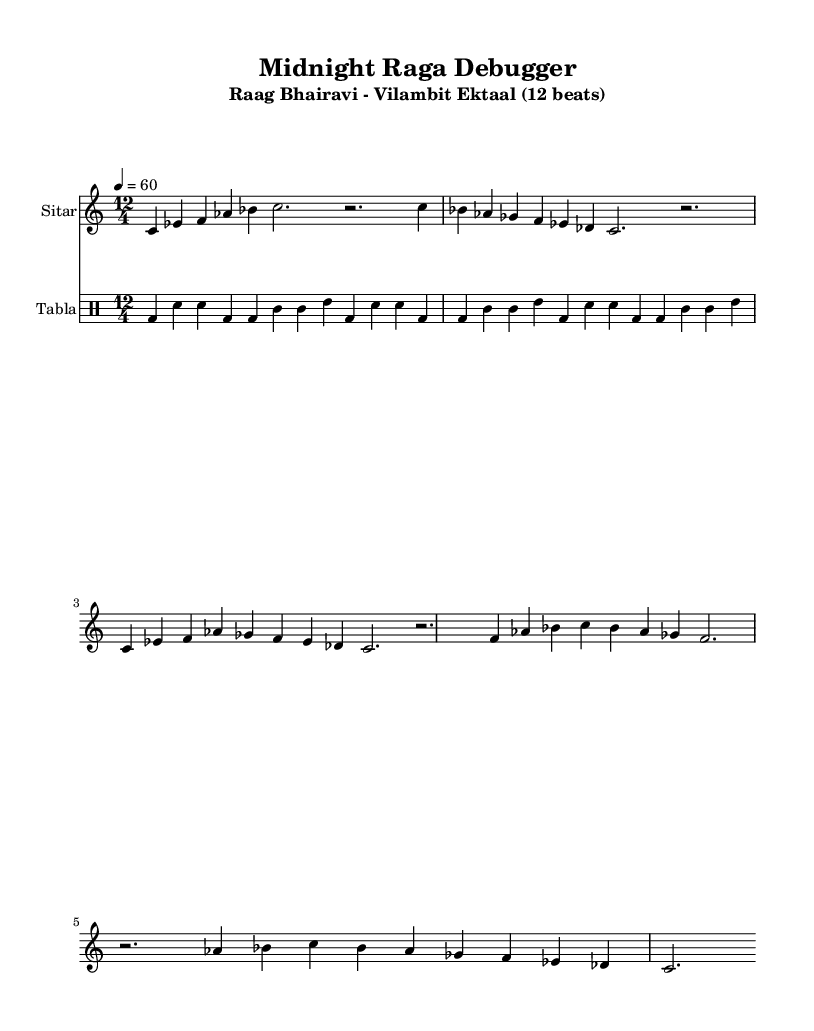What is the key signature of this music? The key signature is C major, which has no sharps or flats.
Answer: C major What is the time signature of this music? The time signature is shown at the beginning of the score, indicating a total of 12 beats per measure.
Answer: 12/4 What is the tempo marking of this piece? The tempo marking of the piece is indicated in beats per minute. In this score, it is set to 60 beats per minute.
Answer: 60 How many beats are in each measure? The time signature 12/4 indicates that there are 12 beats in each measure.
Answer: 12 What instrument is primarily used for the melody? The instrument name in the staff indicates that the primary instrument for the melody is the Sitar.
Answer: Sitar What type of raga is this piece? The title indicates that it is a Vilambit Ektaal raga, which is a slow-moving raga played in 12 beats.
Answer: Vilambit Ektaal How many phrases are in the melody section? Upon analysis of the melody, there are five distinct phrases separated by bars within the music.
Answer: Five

┄┄┄┄┄┄

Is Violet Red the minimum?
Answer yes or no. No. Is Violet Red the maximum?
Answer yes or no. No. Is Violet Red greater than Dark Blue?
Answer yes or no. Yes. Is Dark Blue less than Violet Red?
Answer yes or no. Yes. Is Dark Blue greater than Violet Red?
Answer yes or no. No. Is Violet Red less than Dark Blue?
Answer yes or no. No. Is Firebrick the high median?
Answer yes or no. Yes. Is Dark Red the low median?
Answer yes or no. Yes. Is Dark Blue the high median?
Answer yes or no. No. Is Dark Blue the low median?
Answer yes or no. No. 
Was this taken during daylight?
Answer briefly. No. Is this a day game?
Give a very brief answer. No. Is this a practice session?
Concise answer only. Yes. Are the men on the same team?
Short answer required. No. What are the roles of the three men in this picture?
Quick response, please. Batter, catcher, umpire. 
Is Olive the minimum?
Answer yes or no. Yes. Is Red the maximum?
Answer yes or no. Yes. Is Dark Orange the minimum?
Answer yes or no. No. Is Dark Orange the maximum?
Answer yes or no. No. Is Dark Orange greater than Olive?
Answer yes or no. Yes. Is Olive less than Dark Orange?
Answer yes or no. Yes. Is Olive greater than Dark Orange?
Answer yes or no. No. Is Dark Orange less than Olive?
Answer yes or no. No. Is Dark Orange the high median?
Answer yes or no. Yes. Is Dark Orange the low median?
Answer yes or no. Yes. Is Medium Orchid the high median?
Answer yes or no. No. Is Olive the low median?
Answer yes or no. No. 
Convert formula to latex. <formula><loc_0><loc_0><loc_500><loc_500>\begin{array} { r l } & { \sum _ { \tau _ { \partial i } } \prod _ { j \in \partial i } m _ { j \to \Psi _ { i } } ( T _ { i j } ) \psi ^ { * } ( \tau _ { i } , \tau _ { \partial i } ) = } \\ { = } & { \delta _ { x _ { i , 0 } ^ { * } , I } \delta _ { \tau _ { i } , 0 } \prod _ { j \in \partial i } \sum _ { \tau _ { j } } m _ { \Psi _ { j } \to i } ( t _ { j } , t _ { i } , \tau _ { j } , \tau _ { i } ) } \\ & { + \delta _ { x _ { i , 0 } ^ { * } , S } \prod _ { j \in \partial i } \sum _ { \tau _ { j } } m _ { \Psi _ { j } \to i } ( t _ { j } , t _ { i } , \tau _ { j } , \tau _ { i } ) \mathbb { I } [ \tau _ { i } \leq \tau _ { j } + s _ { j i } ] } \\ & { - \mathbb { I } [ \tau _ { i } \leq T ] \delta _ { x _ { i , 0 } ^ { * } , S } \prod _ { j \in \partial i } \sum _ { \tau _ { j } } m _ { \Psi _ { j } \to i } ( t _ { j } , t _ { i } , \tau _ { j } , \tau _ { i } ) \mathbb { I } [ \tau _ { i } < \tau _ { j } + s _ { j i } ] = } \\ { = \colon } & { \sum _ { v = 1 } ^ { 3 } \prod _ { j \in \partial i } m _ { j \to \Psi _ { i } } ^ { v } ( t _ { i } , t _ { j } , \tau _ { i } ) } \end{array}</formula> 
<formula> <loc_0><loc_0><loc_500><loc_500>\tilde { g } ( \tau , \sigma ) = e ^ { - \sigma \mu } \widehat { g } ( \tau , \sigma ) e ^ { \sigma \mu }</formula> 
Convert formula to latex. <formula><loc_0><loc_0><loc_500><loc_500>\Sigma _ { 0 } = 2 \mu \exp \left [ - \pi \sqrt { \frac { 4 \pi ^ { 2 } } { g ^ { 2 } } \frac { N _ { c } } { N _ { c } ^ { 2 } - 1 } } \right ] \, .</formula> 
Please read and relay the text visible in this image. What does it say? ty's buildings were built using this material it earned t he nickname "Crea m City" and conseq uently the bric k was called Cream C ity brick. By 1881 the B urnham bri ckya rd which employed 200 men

┄┄┄┄┄┄

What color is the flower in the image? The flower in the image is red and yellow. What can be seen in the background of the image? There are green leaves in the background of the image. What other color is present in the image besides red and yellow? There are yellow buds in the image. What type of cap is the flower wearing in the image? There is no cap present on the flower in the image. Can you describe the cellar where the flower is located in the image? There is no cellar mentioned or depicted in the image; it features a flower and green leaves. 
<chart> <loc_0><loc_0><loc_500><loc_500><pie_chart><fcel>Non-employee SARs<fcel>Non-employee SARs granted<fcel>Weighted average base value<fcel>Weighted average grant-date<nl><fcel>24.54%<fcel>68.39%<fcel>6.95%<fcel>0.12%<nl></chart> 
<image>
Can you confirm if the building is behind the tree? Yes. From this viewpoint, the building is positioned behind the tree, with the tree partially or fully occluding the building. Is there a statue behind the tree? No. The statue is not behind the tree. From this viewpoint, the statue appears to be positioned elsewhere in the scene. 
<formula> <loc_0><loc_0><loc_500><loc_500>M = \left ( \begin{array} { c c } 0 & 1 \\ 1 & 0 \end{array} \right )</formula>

┄┄┄┄┄┄

### Action item:
Using the entries above, output exactly the lines between the line holding "Answer yes or no. Yes. Is Medium" and the line holding "to latex. <formula><loc_0><loc_0><loc_500><loc_500>\Sigma", end lines included, and nothing more.

### Answer box:
Answer yes or no. Yes. Is Medium Orchid the high median?
Answer yes or no. No. Is Olive the low median?
Answer yes or no. No. 
Convert formula to latex. <formula><loc_0><loc_0><loc_500><loc_500>\begin{array} { r l } & { \sum _ { \tau _ { \partial i } } \prod _ { j \in \partial i } m _ { j \to \Psi _ { i } } ( T _ { i j } ) \psi ^ { * } ( \tau _ { i } , \tau _ { \partial i } ) = } \\ { = } & { \delta _ { x _ { i , 0 } ^ { * } , I } \delta _ { \tau _ { i } , 0 } \prod _ { j \in \partial i } \sum _ { \tau _ { j } } m _ { \Psi _ { j } \to i } ( t _ { j } , t _ { i } , \tau _ { j } , \tau _ { i } ) } \\ & { + \delta _ { x _ { i , 0 } ^ { * } , S } \prod _ { j \in \partial i } \sum _ { \tau _ { j } } m _ { \Psi _ { j } \to i } ( t _ { j } , t _ { i } , \tau _ { j } , \tau _ { i } ) \mathbb { I } [ \tau _ { i } \leq \tau _ { j } + s _ { j i } ] } \\ & { - \mathbb { I } [ \tau _ { i } \leq T ] \delta _ { x _ { i , 0 } ^ { * } , S } \prod _ { j \in \partial i } \sum _ { \tau _ { j } } m _ { \Psi _ { j } \to i } ( t _ { j } , t _ { i } , \tau _ { j } , \tau _ { i } ) \mathbb { I } [ \tau _ { i } < \tau _ { j } + s _ { j i } ] = } \\ { = \colon } & { \sum _ { v = 1 } ^ { 3 } \prod _ { j \in \partial i } m _ { j \to \Psi _ { i } } ^ { v } ( t _ { i } , t _ { j } , \tau _ { i } ) } \end{array}</formula> 
<formula> <loc_0><loc_0><loc_500><loc_500>\tilde { g } ( \tau , \sigma ) = e ^ { - \sigma \mu } \widehat { g } ( \tau , \sigma ) e ^ { \sigma \mu }</formula> 
Convert formula to latex. <formula><loc_0><loc_0><loc_500><loc_500>\Sigma _ { 0 } = 2 \mu \exp \left [ - \pi \sqrt { \frac { 4 \pi ^ { 2 } } { g ^ { 2 } } \frac { N _ { c } } { N _ { c } ^ { 2 } - 1 } } \right ] \, .</formula> 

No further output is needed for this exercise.